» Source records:
□ □ □ □

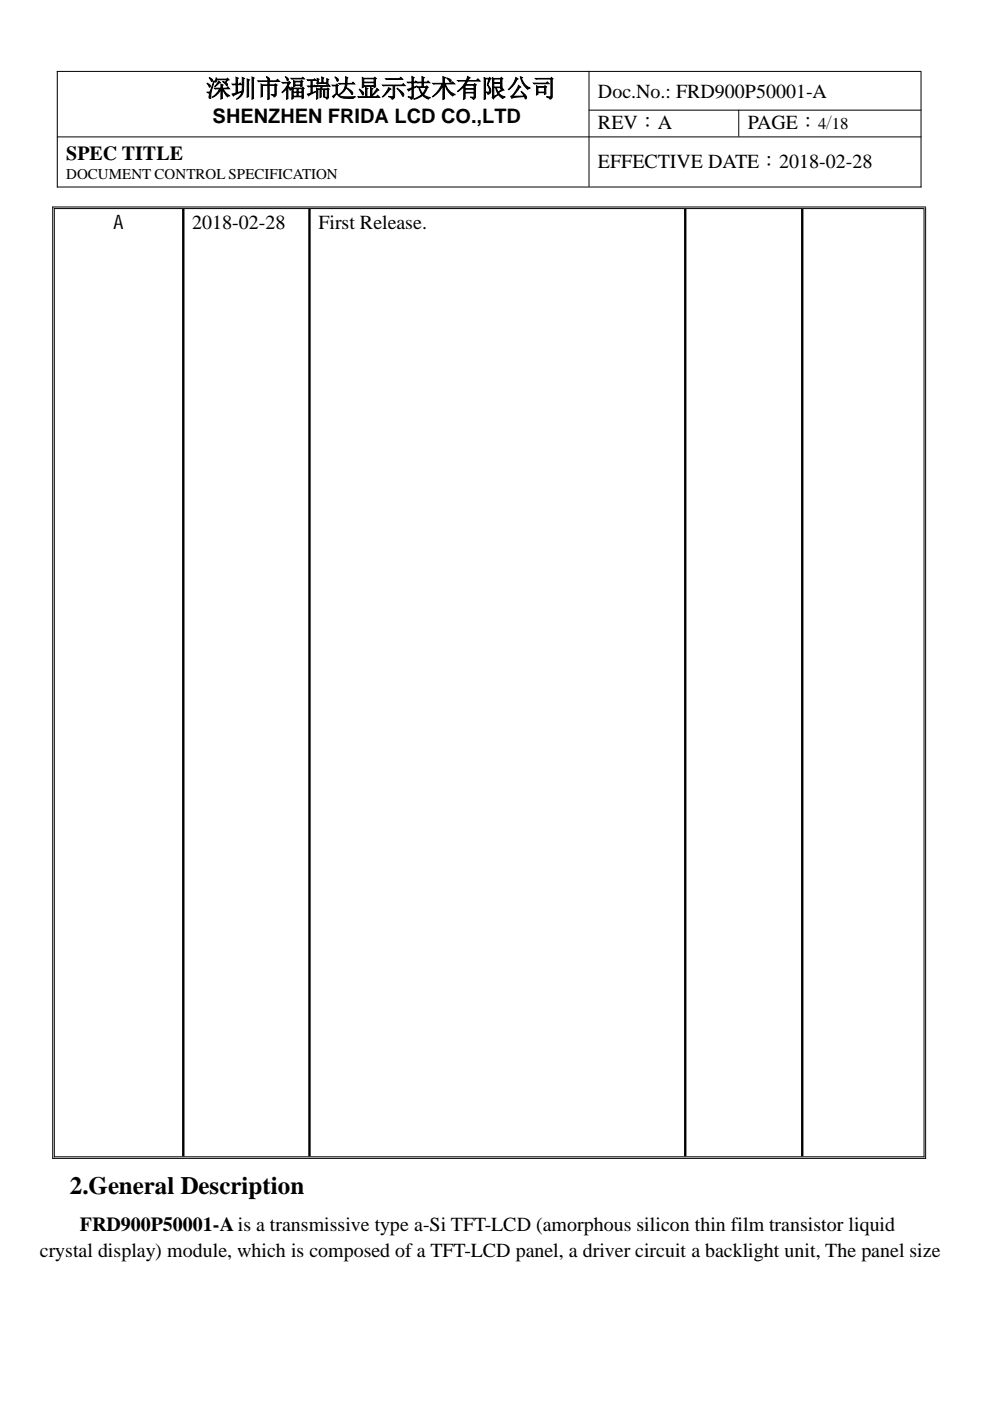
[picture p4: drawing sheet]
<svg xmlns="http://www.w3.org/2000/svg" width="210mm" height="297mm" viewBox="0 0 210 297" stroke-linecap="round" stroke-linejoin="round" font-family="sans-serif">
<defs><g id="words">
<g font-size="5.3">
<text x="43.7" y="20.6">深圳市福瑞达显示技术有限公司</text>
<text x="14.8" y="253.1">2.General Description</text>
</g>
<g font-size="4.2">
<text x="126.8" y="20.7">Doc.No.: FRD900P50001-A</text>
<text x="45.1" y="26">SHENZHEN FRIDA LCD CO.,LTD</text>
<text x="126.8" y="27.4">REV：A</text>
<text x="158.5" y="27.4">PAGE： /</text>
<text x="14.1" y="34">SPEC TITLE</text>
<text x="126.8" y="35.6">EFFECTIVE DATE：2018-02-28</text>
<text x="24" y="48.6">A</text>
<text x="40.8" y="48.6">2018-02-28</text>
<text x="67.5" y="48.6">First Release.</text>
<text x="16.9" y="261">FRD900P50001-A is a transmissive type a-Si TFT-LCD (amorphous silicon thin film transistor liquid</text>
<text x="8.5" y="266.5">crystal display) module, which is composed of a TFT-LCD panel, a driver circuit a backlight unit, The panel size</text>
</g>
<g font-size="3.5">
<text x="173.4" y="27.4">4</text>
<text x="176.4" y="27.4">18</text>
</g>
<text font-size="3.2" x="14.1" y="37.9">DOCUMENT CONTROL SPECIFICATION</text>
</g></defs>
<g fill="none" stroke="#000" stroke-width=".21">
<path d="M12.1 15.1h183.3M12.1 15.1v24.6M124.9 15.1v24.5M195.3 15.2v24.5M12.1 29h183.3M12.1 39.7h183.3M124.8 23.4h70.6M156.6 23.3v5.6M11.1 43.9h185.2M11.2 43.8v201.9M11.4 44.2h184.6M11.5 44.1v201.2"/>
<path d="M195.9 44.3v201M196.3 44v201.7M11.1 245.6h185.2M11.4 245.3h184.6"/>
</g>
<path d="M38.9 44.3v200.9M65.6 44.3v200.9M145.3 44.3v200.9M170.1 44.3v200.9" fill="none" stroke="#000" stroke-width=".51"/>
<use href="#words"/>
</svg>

□ □ □ □

» AIM OF THE TASK: Transcribe the data word for word, with no images.

» RESULT OF THIS EXERCISE:
[picture p4: drawing sheet]
<svg xmlns="http://www.w3.org/2000/svg" width="210mm" height="297mm" viewBox="0 0 210 297" stroke-linecap="round" stroke-linejoin="round" font-family="sans-serif">
<defs><g id="words">
<g font-size="5.3">
<text x="43.7" y="20.6">深圳市福瑞达显示技术有限公司</text>
<text x="14.8" y="253.1">2.General Description</text>
</g>
<g font-size="4.2">
<text x="126.8" y="20.7">Doc.No.: FRD900P50001-A</text>
<text x="45.1" y="26">SHENZHEN FRIDA LCD CO.,LTD</text>
<text x="126.8" y="27.4">REV：A</text>
<text x="158.5" y="27.4">PAGE： /</text>
<text x="14.1" y="34">SPEC TITLE</text>
<text x="126.8" y="35.6">EFFECTIVE DATE：2018-02-28</text>
<text x="24" y="48.6">A</text>
<text x="40.8" y="48.6">2018-02-28</text>
<text x="67.5" y="48.6">First Release.</text>
<text x="16.9" y="261">FRD900P50001-A is a transmissive type a-Si TFT-LCD (amorphous silicon thin film transistor liquid</text>
<text x="8.5" y="266.5">crystal display) module, which is composed of a TFT-LCD panel, a driver circuit a backlight unit, The panel size</text>
</g>
<g font-size="3.5">
<text x="173.4" y="27.4">4</text>
<text x="176.4" y="27.4">18</text>
</g>
<text font-size="3.2" x="14.1" y="37.9">DOCUMENT CONTROL SPECIFICATION</text>
</g></defs>
<g fill="none" stroke="#000" stroke-width=".21">
<path d="M12.1 15.1h183.3M12.1 15.1v24.6M124.9 15.1v24.5M195.3 15.2v24.5M12.1 29h183.3M12.1 39.7h183.3M124.8 23.4h70.6M156.6 23.3v5.6M11.1 43.9h185.2M11.2 43.8v201.9M11.4 44.2h184.6M11.5 44.1v201.2"/>
<path d="M195.9 44.3v201M196.3 44v201.7M11.1 245.6h185.2M11.4 245.3h184.6"/>
</g>
<path d="M38.9 44.3v200.9M65.6 44.3v200.9M145.3 44.3v200.9M170.1 44.3v200.9" fill="none" stroke="#000" stroke-width=".51"/>
<use href="#words"/>
</svg>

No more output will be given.